Goal of the exercise ->
Output only the lines of the entries that follow, starting at the one with "Return comma-separated values" and running down to the one with "- rack frame (1767,136,1769,138)", both included and unchanged.

Provided entries ->
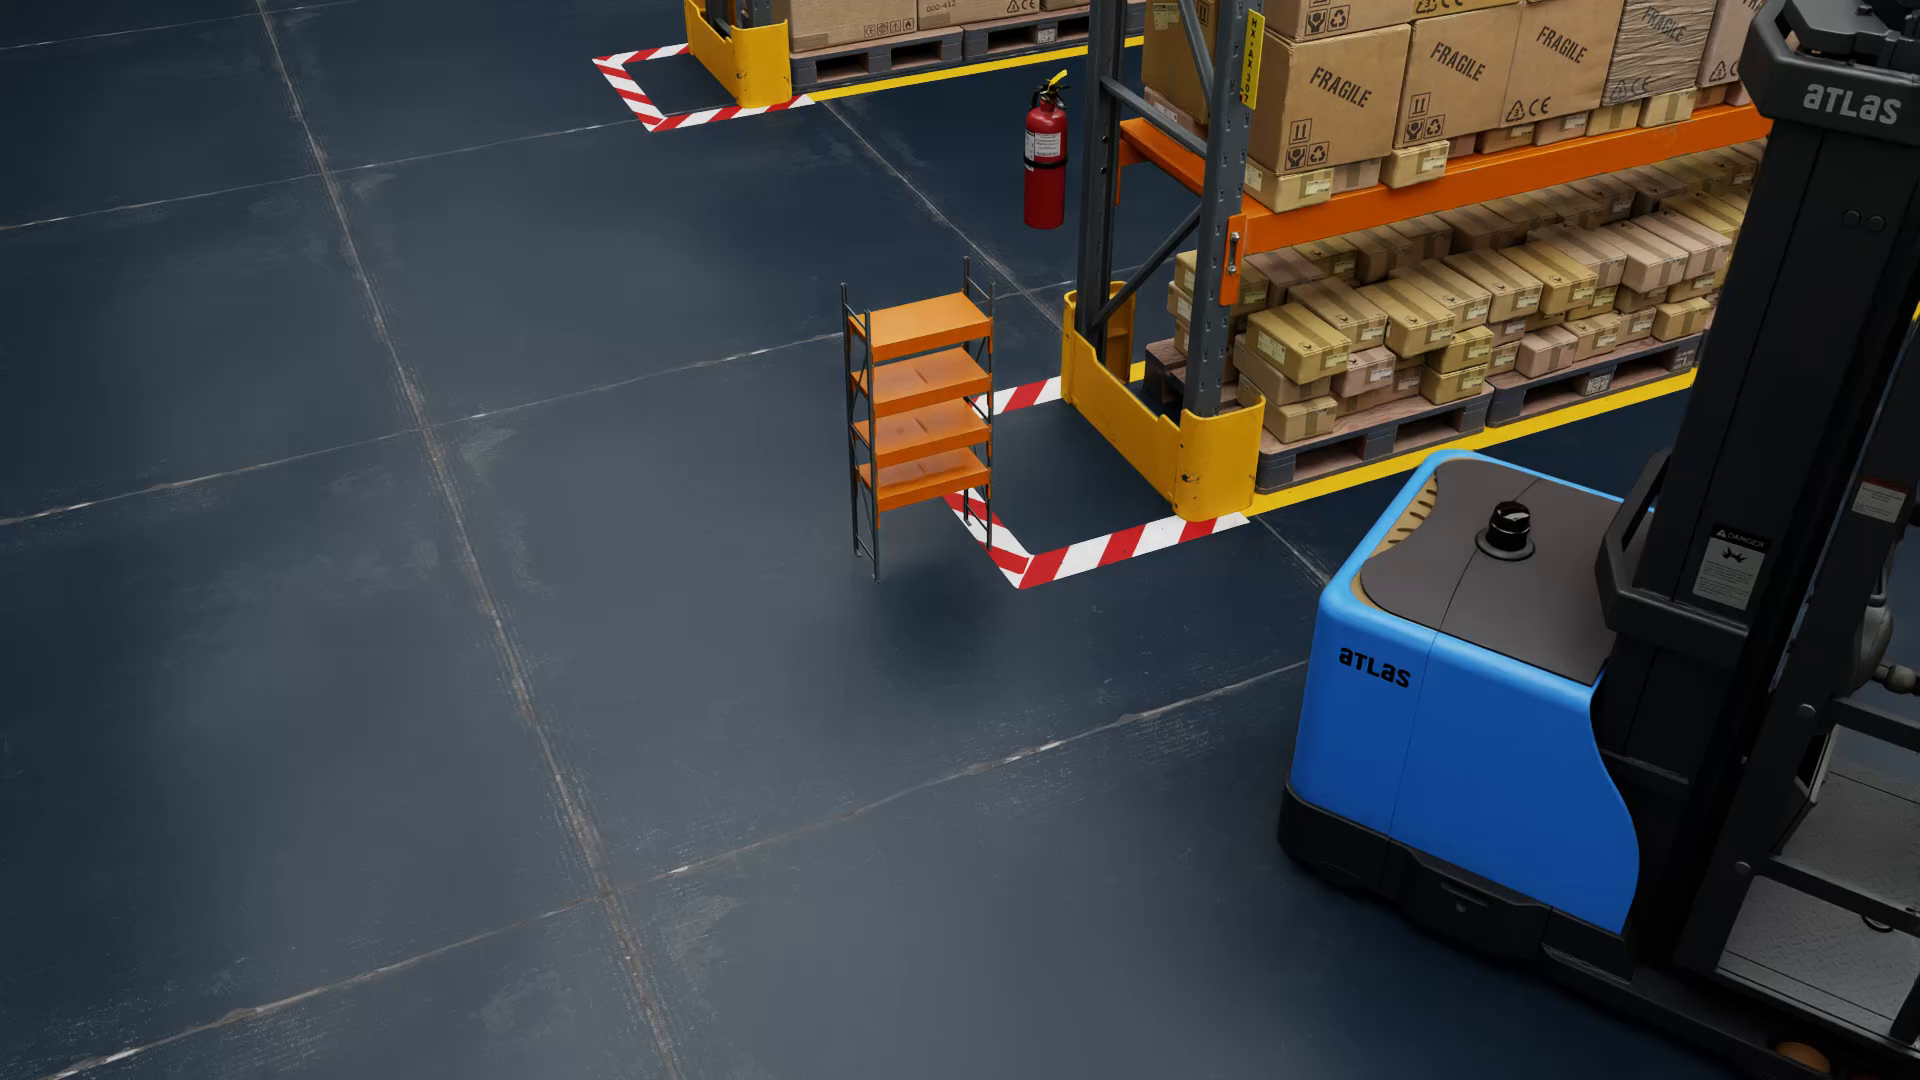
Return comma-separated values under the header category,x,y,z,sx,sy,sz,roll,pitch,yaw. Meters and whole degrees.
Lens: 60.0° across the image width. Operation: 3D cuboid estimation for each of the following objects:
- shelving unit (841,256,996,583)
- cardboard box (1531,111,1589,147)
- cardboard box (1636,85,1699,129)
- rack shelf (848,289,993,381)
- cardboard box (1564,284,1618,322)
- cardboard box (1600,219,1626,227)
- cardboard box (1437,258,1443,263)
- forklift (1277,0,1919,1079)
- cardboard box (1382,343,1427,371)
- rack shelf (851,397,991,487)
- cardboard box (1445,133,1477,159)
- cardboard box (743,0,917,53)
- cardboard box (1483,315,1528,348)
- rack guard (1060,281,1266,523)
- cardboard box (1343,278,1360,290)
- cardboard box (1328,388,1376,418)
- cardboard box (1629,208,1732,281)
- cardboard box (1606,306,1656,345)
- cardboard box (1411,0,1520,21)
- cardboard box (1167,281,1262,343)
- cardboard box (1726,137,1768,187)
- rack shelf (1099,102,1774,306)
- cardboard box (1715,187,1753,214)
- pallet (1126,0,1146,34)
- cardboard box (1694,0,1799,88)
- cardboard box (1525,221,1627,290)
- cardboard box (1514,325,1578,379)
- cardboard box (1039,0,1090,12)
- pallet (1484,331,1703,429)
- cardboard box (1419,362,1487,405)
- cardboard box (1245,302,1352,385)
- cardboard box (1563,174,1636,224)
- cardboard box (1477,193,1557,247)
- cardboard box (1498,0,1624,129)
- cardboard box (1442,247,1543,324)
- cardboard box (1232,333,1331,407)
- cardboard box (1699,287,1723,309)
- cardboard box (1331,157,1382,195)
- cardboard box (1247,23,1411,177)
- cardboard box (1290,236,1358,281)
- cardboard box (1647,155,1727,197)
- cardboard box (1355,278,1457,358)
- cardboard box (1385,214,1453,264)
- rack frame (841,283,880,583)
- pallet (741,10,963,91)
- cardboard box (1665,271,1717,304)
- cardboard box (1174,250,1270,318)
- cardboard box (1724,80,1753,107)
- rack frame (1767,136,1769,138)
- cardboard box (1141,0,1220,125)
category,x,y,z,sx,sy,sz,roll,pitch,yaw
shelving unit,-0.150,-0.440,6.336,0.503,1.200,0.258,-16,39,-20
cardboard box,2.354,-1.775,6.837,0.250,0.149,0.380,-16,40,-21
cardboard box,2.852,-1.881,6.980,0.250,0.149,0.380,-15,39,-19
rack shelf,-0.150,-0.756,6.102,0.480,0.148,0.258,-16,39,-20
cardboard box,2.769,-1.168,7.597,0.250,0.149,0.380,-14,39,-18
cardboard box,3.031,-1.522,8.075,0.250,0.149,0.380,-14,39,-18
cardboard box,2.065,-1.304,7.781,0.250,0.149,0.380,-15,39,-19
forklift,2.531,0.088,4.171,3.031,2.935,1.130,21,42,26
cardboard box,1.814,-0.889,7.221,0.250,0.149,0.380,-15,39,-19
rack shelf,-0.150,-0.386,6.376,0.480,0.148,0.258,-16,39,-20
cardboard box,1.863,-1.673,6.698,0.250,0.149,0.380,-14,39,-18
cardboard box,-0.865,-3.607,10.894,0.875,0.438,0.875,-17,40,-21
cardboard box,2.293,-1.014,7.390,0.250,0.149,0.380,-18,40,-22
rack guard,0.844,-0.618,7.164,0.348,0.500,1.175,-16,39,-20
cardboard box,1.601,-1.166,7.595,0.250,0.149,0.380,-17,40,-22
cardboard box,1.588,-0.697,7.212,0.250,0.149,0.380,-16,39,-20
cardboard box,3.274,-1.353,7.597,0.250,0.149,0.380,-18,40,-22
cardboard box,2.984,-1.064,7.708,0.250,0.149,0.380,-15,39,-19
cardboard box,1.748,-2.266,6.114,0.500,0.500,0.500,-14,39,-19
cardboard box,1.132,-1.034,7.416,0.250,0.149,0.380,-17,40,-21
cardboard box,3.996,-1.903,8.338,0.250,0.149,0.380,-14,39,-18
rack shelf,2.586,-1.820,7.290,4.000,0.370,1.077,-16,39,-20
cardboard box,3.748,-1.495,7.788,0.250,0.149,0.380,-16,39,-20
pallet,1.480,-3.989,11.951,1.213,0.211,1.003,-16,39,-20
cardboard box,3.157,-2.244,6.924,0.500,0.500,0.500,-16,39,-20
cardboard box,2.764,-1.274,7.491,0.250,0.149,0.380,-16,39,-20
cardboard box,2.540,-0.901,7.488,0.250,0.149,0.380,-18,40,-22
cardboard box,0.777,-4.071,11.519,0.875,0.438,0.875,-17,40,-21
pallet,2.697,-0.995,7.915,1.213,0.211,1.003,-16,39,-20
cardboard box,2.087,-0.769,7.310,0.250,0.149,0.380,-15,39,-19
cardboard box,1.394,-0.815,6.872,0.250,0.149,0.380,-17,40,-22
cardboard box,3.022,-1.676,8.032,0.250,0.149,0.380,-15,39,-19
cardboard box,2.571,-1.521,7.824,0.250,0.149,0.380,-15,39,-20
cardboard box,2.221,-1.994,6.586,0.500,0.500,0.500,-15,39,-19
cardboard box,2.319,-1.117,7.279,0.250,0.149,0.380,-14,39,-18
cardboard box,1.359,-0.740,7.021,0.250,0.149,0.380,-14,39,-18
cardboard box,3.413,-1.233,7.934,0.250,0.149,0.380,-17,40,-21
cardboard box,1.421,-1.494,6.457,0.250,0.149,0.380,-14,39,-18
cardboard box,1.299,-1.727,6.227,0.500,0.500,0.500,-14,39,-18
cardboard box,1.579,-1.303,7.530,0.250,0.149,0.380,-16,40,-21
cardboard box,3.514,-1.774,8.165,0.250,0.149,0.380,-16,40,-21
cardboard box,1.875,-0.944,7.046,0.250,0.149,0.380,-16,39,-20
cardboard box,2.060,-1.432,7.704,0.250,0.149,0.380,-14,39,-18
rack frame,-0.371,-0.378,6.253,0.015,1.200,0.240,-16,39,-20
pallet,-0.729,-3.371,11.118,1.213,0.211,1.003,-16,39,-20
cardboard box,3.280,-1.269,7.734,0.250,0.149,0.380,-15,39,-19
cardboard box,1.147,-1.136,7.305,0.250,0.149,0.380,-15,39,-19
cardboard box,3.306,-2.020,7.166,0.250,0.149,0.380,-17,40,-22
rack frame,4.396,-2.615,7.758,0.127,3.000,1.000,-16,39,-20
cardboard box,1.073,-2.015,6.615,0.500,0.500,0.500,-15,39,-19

...

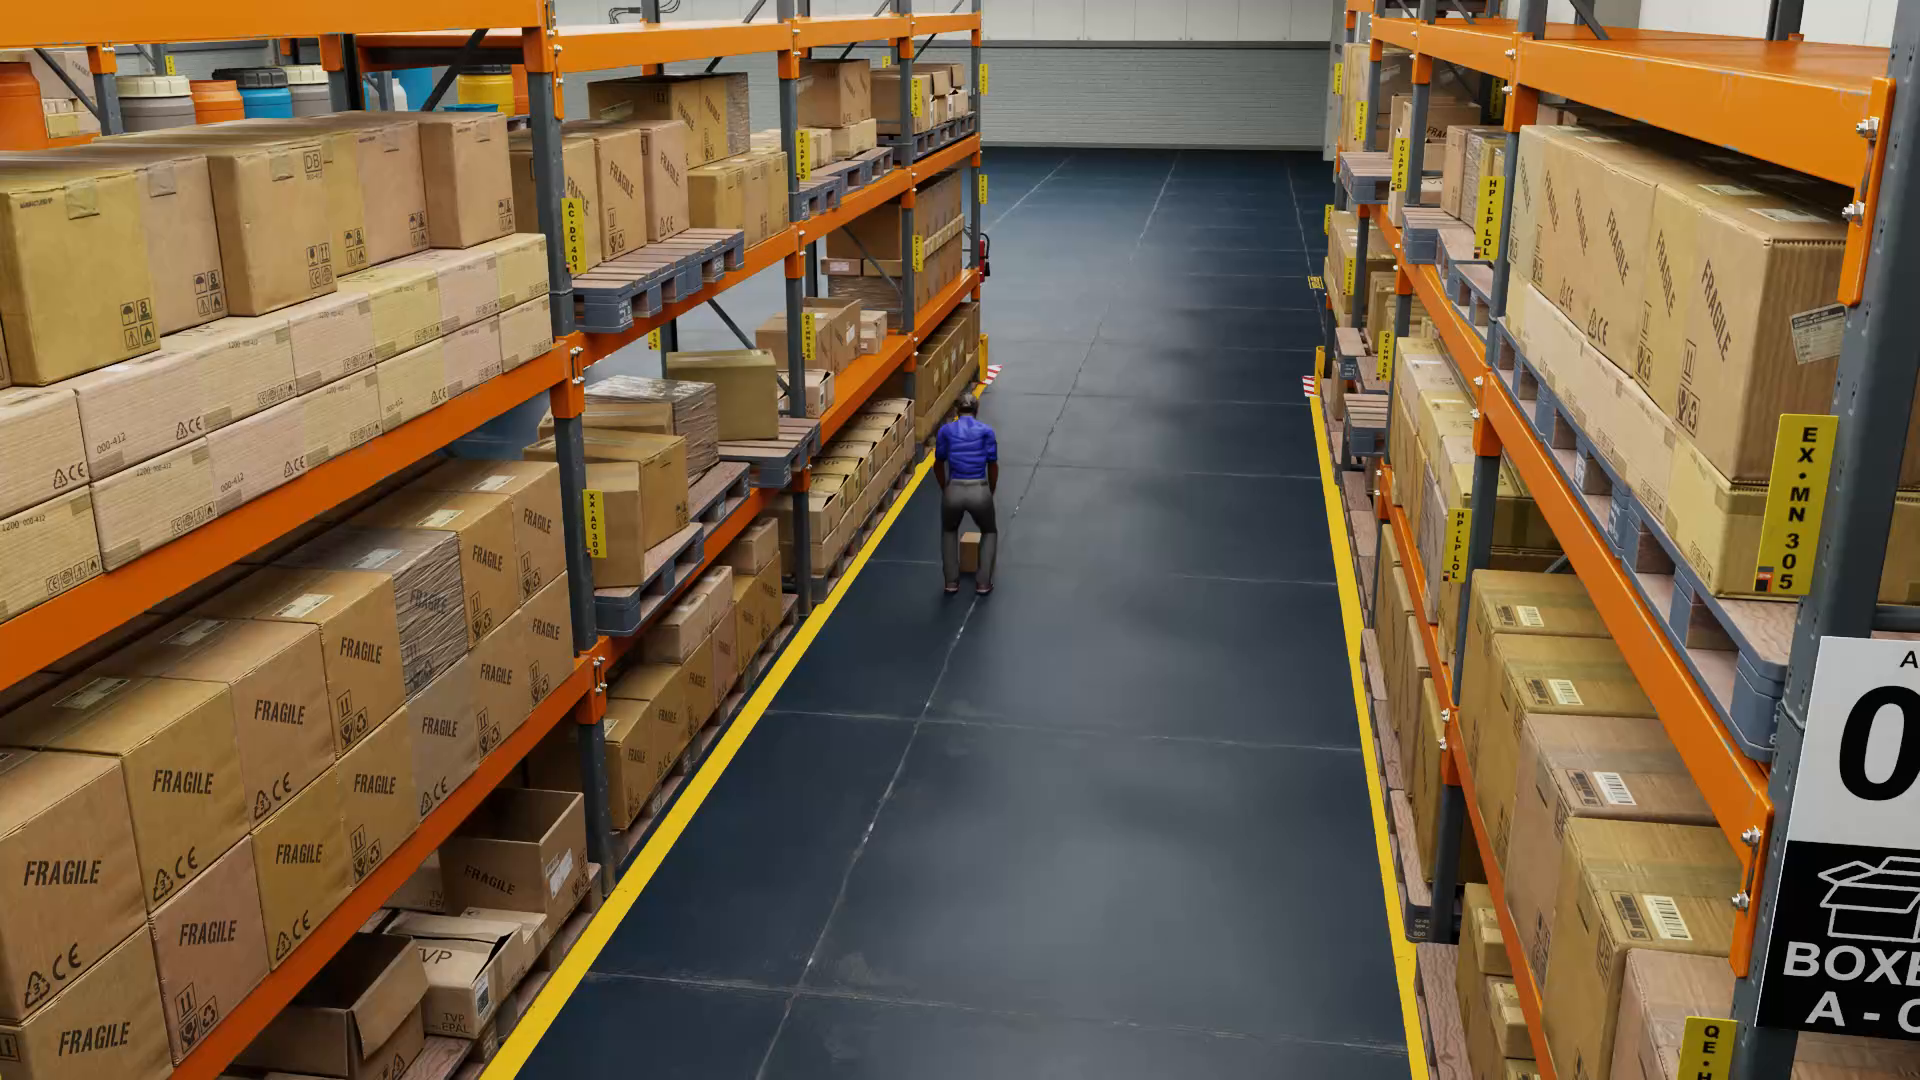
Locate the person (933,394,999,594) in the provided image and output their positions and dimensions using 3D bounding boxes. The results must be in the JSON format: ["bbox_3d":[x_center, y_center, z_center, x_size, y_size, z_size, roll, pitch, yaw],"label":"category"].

Task answer ->
Return comma-separated values under the header category,x,y,z,sx,sy,sz,roll,pitch,yaw. Meters and whole degrees.
Lens: 60.0° across the image width. Operation: 3D cuboid estimation for each of the following objects:
- shelving unit (841,256,996,583)
- cardboard box (1531,111,1589,147)
- cardboard box (1636,85,1699,129)
- rack shelf (848,289,993,381)
- cardboard box (1564,284,1618,322)
- cardboard box (1600,219,1626,227)
- cardboard box (1437,258,1443,263)
- forklift (1277,0,1919,1079)
- cardboard box (1382,343,1427,371)
- rack shelf (851,397,991,487)
- cardboard box (1445,133,1477,159)
- cardboard box (743,0,917,53)
- cardboard box (1483,315,1528,348)
- rack guard (1060,281,1266,523)
- cardboard box (1343,278,1360,290)
- cardboard box (1328,388,1376,418)
- cardboard box (1629,208,1732,281)
- cardboard box (1606,306,1656,345)
- cardboard box (1411,0,1520,21)
- cardboard box (1167,281,1262,343)
- cardboard box (1726,137,1768,187)
- rack shelf (1099,102,1774,306)
- cardboard box (1715,187,1753,214)
- pallet (1126,0,1146,34)
- cardboard box (1694,0,1799,88)
- cardboard box (1525,221,1627,290)
- cardboard box (1514,325,1578,379)
- cardboard box (1039,0,1090,12)
- pallet (1484,331,1703,429)
- cardboard box (1419,362,1487,405)
- cardboard box (1245,302,1352,385)
- cardboard box (1563,174,1636,224)
- cardboard box (1477,193,1557,247)
- cardboard box (1498,0,1624,129)
- cardboard box (1442,247,1543,324)
- cardboard box (1232,333,1331,407)
- cardboard box (1699,287,1723,309)
- cardboard box (1331,157,1382,195)
- cardboard box (1247,23,1411,177)
- cardboard box (1290,236,1358,281)
- cardboard box (1647,155,1727,197)
- cardboard box (1355,278,1457,358)
- cardboard box (1385,214,1453,264)
- rack frame (841,283,880,583)
- pallet (741,10,963,91)
- cardboard box (1665,271,1717,304)
- cardboard box (1174,250,1270,318)
- cardboard box (1724,80,1753,107)
- rack frame (1767,136,1769,138)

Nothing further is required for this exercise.